The story was not finished. In 1887 Michelson and Morley went in search of the ether
and it simply wasn’t there to be found. This was one of the results that enabled Einstein
to tie time and space, two totally disparate facts of our existence together as one. The
thing that bound them together of course was the speed of light. So finding out about
light, illuminated a good deal more than what anyone could have imagined. Of course
there were more surprises to come. Max Planck found that the energy carried by light was
directly proportional to the frequency of the light. He hated it because it meant that if you
shone light of a given frequency on something the light had to be arriving in energy
chunks equal to h. In anyone’s language, chunks were particles. Einstein again used
what was thought to be an anomaly to explain the strange behaviour of the photo-electric
effect. It was for this interpretation that he received his Nobel prize.

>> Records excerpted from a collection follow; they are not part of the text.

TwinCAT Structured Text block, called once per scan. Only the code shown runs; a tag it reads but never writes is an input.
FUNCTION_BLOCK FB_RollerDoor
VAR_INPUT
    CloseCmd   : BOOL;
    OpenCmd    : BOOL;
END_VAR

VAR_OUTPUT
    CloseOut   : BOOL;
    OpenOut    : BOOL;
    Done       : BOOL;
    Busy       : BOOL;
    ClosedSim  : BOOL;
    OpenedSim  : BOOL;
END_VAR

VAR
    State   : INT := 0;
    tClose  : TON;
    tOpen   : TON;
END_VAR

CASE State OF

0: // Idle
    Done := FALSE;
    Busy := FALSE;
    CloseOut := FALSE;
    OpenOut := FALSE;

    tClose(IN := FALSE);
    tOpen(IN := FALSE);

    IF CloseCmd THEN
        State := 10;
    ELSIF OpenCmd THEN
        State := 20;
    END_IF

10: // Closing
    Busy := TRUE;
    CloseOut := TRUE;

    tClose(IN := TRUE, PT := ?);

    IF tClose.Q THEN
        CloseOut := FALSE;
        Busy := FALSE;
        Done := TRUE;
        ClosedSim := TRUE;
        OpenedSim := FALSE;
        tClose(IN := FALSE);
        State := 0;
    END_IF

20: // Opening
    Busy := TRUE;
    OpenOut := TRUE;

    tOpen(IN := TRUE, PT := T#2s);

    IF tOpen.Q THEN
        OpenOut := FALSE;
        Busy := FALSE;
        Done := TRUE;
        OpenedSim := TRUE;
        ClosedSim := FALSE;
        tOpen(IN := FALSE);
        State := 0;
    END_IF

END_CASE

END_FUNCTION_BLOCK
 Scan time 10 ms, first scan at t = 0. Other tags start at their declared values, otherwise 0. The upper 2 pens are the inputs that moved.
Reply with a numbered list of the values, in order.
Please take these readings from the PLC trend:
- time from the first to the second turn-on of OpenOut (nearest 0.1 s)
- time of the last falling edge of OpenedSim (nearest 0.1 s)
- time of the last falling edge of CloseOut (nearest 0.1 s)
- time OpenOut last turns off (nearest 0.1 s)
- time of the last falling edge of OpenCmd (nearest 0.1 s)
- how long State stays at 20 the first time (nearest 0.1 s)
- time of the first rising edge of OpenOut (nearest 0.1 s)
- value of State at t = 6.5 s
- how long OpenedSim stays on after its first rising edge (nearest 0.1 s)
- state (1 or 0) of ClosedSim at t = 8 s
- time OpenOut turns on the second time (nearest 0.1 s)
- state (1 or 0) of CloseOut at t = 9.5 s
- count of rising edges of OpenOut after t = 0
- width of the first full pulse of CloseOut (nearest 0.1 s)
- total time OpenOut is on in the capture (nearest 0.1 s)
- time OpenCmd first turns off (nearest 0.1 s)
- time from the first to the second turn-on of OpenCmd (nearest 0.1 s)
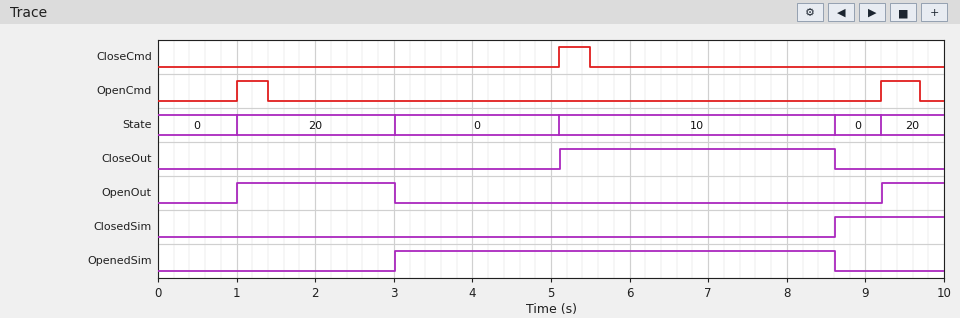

So what was light, particles or waves? Light was neither and both, it was itself, but using
the models to imagine its hidden behaviour we became more confident in our ability to
predict what light would do.
And what about space? Is it abundant or is it a Newtonian void? Most of us think of a
vacuum and model space with the mathematical zero and we are inclined to be
Newtonian in our thinking about the space between the nucleus and the electron shells
and the space between the galaxies. This is a shame because although these regions are
empty of matter they are chock full of properties. For a start they support the electric,
magnetic and gravitational fields our other models depend on.
When King Charles II gave the charter to the Royal Society in 1662, he was soon
dismayed to hear that the scientists were bending their energies towards the weighing of
air. Today our best brains are studying what most would describe as nothing at all, the
nature of a vacuum. The study of light led to the study of space. This is unfinished
business but I do think that I may live to see some as yet unimagined understanding.
This piece derives almost totally from the compact but detailed “Light Years” by Brian
Clegg, the encyclopedic “The Ascent of Science” by Brian L Silver and the absolutely
wonderful “The Pearly Gates of Cyberspace” by Margaret Wertheim.